- ABOUT THIS TASK -
Whenever "cdot" appears in a line, please copy that line from the data.

- DATA RECORDS -
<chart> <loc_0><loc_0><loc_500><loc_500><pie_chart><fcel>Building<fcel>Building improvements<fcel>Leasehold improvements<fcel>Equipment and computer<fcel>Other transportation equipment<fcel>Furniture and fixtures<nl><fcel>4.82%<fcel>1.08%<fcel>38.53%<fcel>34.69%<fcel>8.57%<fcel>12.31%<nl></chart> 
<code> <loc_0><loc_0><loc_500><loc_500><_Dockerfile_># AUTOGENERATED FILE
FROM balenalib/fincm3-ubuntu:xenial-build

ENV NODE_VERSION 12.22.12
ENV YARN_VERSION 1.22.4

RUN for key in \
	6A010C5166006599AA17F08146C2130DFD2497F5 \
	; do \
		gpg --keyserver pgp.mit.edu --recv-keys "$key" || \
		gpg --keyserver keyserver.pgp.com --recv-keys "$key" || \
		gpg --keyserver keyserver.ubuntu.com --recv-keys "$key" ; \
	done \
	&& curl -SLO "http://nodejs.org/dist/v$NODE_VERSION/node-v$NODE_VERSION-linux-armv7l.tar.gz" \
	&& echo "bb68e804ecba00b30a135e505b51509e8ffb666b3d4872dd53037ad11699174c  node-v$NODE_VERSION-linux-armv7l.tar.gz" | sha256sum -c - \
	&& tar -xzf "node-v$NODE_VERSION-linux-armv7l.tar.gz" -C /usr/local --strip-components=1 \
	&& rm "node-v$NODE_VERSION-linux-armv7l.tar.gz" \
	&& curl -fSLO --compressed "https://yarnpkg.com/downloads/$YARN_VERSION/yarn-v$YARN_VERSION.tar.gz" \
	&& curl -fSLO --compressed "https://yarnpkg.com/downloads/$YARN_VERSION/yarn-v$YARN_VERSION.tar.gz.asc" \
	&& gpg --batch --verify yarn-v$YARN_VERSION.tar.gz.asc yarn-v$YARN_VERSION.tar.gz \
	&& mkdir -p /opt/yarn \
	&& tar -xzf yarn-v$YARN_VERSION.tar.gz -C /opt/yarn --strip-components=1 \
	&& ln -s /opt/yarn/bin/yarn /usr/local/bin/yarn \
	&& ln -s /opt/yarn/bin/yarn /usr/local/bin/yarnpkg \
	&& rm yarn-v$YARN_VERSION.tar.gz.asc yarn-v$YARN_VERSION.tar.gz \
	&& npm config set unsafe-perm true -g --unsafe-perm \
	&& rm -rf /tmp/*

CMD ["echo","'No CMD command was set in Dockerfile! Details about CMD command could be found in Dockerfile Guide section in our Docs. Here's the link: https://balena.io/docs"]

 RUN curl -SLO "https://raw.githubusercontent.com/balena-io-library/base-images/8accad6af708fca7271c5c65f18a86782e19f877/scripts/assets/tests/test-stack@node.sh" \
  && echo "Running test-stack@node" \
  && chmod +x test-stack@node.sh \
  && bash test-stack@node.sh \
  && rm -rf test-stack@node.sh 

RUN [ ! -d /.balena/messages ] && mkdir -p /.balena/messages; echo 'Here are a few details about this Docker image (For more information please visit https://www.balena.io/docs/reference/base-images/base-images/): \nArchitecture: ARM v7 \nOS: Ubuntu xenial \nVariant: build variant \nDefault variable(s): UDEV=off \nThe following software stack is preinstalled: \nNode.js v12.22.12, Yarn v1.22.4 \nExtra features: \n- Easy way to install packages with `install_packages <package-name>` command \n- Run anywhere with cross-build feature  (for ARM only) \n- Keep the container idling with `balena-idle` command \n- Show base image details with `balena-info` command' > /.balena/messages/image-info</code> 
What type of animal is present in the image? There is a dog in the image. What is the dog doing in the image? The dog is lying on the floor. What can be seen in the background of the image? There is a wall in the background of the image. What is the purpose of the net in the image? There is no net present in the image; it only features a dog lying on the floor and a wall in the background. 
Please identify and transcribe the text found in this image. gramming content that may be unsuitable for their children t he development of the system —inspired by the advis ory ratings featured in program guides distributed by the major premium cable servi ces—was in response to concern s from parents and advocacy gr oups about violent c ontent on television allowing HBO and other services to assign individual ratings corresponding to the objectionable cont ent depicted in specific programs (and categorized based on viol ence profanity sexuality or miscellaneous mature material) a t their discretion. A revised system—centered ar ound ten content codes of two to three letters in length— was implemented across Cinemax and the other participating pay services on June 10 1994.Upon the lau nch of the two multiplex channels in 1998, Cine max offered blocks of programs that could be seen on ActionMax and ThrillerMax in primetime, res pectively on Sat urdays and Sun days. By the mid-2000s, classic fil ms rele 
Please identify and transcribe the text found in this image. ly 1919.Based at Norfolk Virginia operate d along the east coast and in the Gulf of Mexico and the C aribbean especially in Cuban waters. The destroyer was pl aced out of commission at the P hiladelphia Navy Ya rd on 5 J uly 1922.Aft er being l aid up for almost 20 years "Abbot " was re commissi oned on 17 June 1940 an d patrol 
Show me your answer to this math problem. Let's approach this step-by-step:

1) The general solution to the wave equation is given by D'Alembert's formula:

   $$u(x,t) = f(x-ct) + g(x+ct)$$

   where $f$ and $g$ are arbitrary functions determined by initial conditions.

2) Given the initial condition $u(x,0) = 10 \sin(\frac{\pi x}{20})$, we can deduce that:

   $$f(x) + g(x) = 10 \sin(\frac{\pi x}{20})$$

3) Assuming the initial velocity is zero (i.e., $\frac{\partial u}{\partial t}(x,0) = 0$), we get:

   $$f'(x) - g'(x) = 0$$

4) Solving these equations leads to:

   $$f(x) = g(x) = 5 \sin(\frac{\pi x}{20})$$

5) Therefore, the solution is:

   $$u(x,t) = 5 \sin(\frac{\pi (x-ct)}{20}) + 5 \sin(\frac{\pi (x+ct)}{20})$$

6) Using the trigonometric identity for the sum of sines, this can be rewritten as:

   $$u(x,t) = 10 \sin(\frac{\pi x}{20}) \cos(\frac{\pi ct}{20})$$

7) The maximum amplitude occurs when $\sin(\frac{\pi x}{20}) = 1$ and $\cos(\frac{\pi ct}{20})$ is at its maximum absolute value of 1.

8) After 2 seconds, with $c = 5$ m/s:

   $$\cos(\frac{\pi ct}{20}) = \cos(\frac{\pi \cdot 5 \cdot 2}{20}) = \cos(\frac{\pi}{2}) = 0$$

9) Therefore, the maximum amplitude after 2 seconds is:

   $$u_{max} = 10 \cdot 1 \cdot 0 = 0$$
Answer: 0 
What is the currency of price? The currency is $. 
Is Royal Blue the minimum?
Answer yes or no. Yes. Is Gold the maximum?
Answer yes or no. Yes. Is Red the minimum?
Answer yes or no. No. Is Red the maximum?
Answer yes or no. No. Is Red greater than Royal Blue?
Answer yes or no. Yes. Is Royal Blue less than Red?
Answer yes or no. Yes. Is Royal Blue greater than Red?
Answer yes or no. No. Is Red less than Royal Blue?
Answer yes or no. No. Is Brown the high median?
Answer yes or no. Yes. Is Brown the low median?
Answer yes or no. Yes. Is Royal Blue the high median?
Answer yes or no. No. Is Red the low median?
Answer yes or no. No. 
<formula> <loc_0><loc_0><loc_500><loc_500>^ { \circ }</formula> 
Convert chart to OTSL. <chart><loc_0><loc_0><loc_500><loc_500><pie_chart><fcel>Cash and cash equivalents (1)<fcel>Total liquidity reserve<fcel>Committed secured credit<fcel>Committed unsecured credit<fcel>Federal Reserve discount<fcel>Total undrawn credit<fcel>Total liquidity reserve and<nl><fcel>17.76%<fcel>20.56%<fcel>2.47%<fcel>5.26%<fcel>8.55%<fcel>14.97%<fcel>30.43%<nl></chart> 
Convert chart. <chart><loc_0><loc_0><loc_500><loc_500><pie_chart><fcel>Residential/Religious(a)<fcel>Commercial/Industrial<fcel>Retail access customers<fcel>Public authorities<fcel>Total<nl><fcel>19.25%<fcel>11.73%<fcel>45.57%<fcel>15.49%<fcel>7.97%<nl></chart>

- SOLVED PROBLEM -
   $$\cos(\frac{\pi ct}{20}) = \cos(\frac{\pi \cdot 5 \cdot 2}{20}) = \cos(\frac{\pi}{2}) = 0$$
   $$u_{max} = 10 \cdot 1 \cdot 0 = 0$$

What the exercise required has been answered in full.